▸ **YOUR GOAL**: Exactly as they appear, transcribe the entries and skip any pictures.

Dataset excerpts
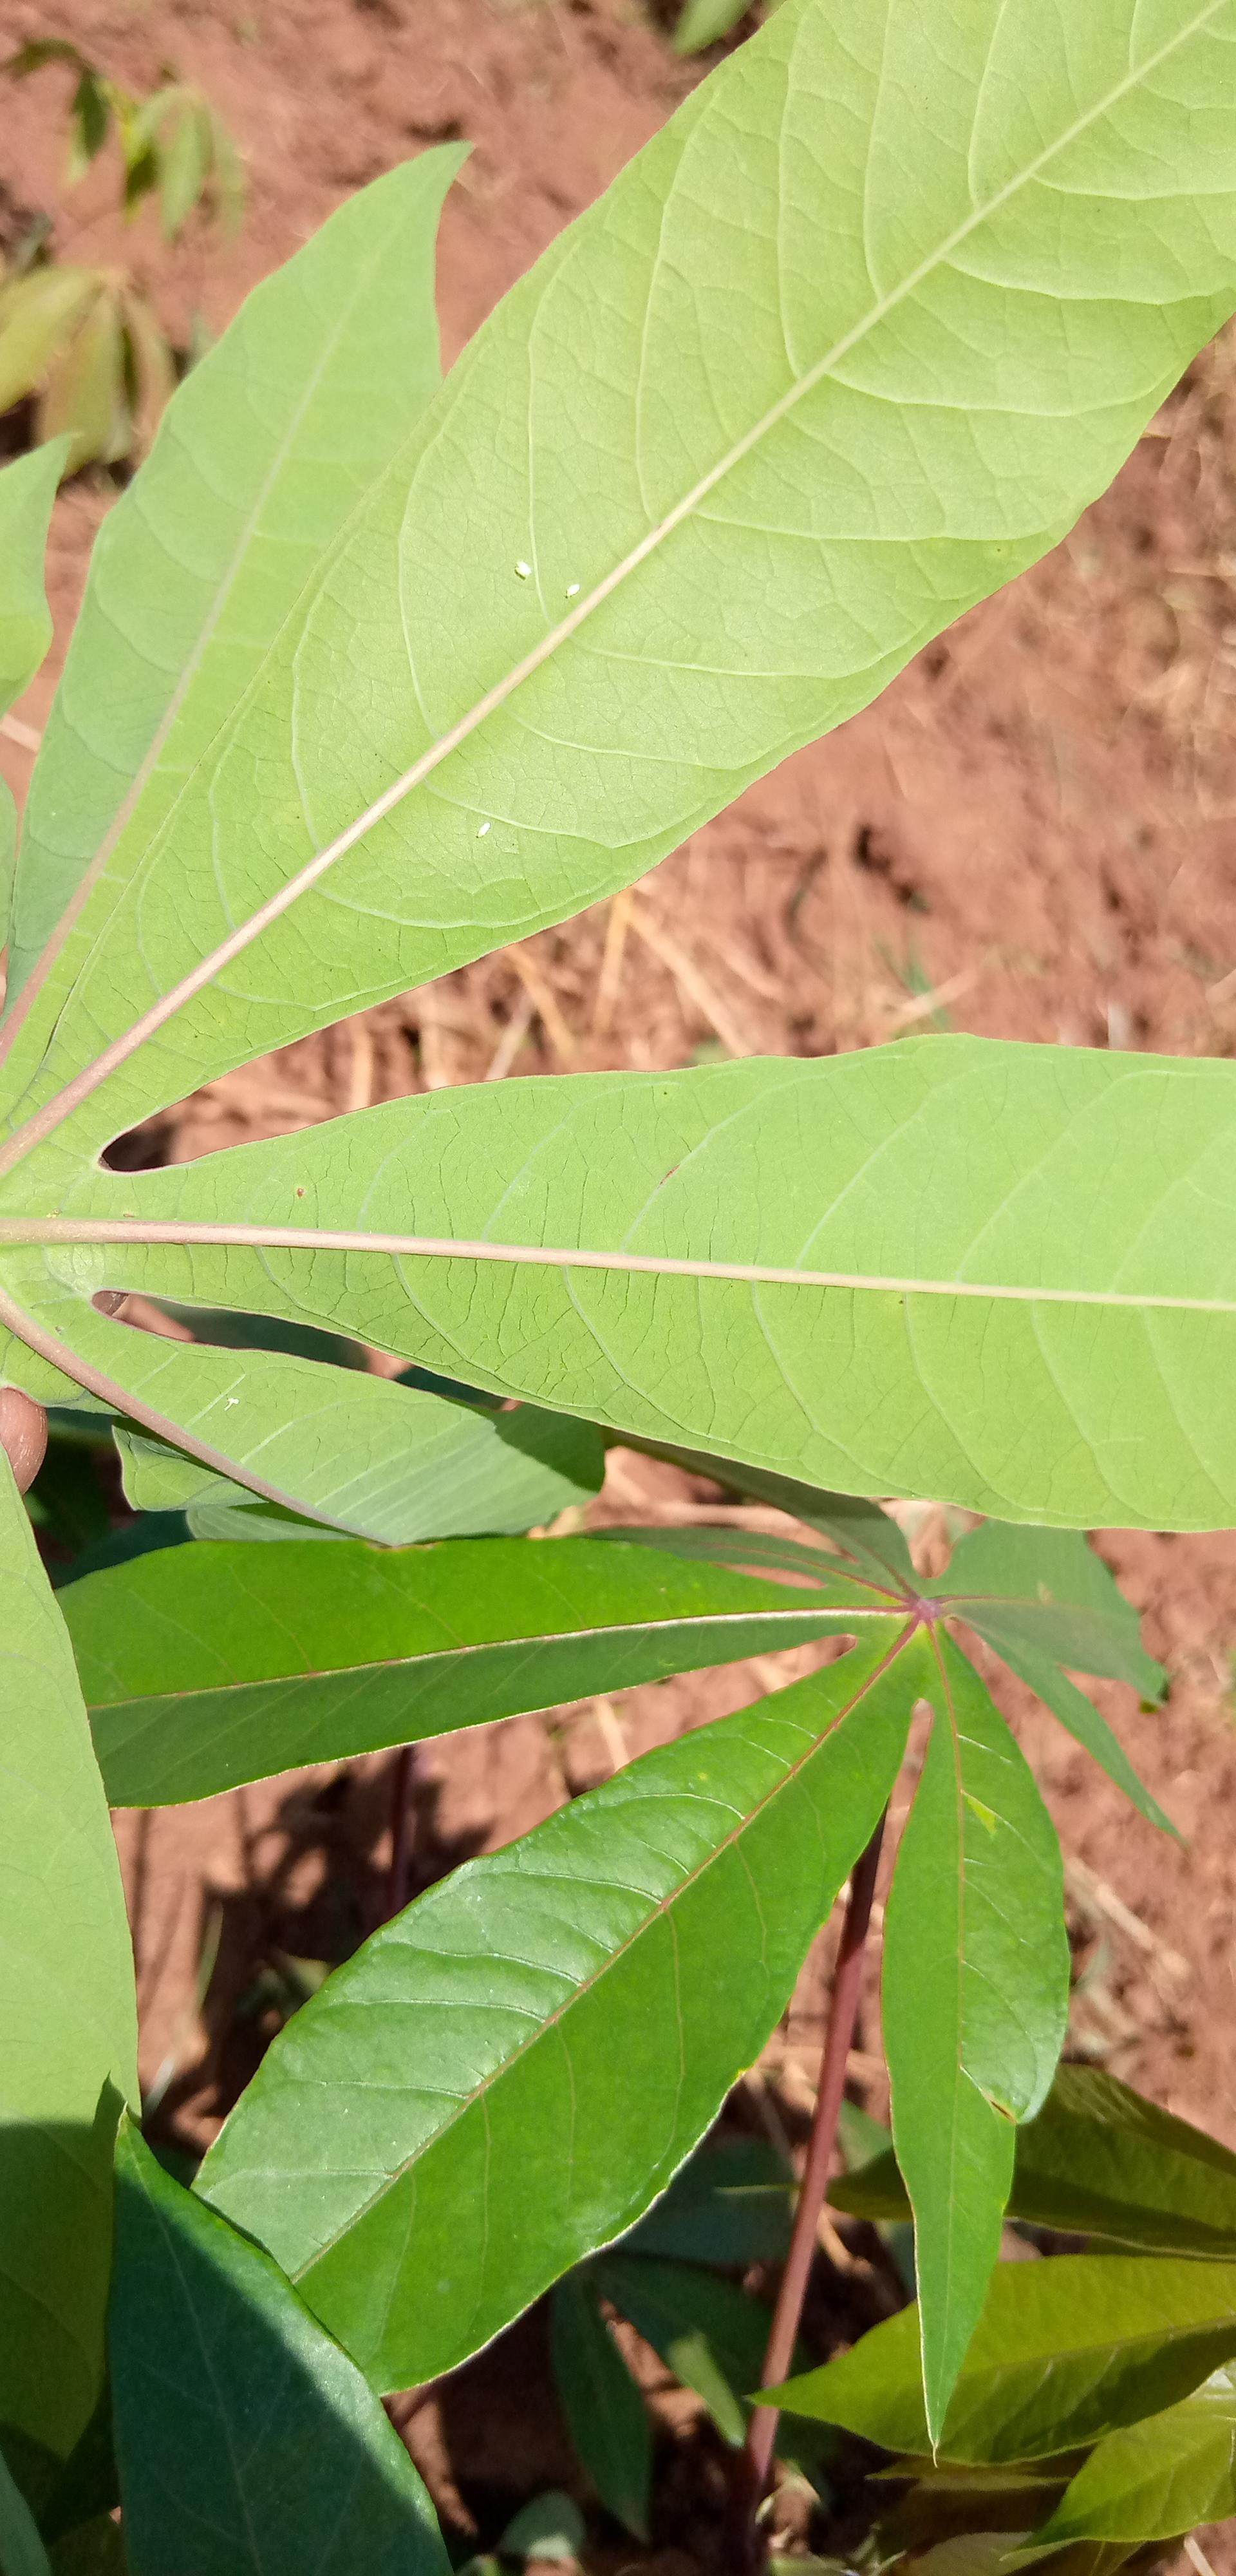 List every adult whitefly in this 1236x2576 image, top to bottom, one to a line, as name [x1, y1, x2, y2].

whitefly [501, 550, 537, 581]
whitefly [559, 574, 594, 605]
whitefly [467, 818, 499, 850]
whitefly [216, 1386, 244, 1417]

▸ **ANSWER TO THE PROBLEM**:
 List every adult whitefly in this 1236x2576 image, top to bottom, one to a line, as name [x1, y1, x2, y2].

whitefly [501, 550, 537, 581]
whitefly [559, 574, 594, 605]
whitefly [467, 818, 499, 850]
whitefly [216, 1386, 244, 1417]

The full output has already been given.